• Bank of America/Merrill Lynch

    Posted Apr 6th, 2011 By in Articles With | Comments Off on Bank of America/Merrill Lynch

    Workouts for private builders could take another 2-3 years

    We recently hosted a conference featuring David McCain of MPKA, which is a consulting firm that provides financing and debt restructuring advice to homebuilders. Private builders may still require another 2-3 years to fully work through legacy real estate transactions that usually carried full recourse for the borrower. This recourse element has complicated restructurings as most private builders have personal asset holdings that are real estate centric and therefore do not carry the liquidity necessary to quickly address non-performing loans. Many small banks are still not aggressively pursuing loan restructurings given limited capital reserves that could be further strained by recognizing a writedown on a failed loan. Home prices have declined 31% since the peak, which implies that land prices are down more than that given relative stability in the value of construction materials. At this stage of the cycle, modifying existing loan terms is less common while foreclosure and liquidation are becoming more prevalent, which implies continued opportunities for public builders to acquire attractively priced land for at least the next two years. We estimate that ~40% of deliveries for the industry this year will come from newly purchased land (since the beginning of 2009), which carries a gross margin benefit of at least 200bp over legacy lots.

    Listen: Debt restructuring presentation and current events as presented by David McCain to Bank of America/Merrill Lynch

    Restructurings are now making their way inland

    Loan restructurings for private builders on the East and West coast were the first to be addressed when the downturn began, which may reflect the quick demand recovery in those markets and the ability to execute trustee sales versus the judicial foreclosures that are required elsewhere in the country. Credit issues in the Midwest are now coming up with increasing frequency, which includes Indiana, Michigan and Ohio. Addressing these loans could present attractive lot deals for public builders that have a large presence in those markets, which include BZH and MHO in Indiana (>10% of their national community base) and MHO and NVR in Ohio (>20% of their national community base). BZH could be a particular beneficiary as we estimate that only 25% of its deliveries in F2011 will come from newly purchased land, which creates an operating leverage drag relative to peers.

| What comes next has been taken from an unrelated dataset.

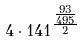Convert formula to latex. <formula><loc_0><loc_0><loc_500><loc_500>4 \cdot 1 4 1 ^ { \frac { \frac { 9 3 } { 4 9 5 } } { 2 } }</formula>

    Capital available for construction but not lot acquisitions

    Credit availability generally remains non-existent for acquiring and developing entitled land given the still ample availability of finished lots, although some lending has returned for home construction in attractive markets (e.g. cities on the coasts). A lack of credit from smaller banks may persist even after housing starts rebound as commercial loan issues are starting to arise with increasing frequency, which reflects the fact that these loans typically carry longer maturities than residential loans and therefore are only now starting to mature. This reality could erode capital for smaller banks that otherwise would be available for residential real estate development. Terms for residential construction loans to private builders carry maximum loan-to-value ratios of 50-60% versus more than 70% at the peak and require at least six months of cash collateral to cover interest payments. The alternative to bank credit for private builders are private equity or other investment funds that are extending loans at interest rates in excess of 10% or making equity investments with a targeted return on capital of at least 18%, which severely limits the scope of projects that private builders can pursue.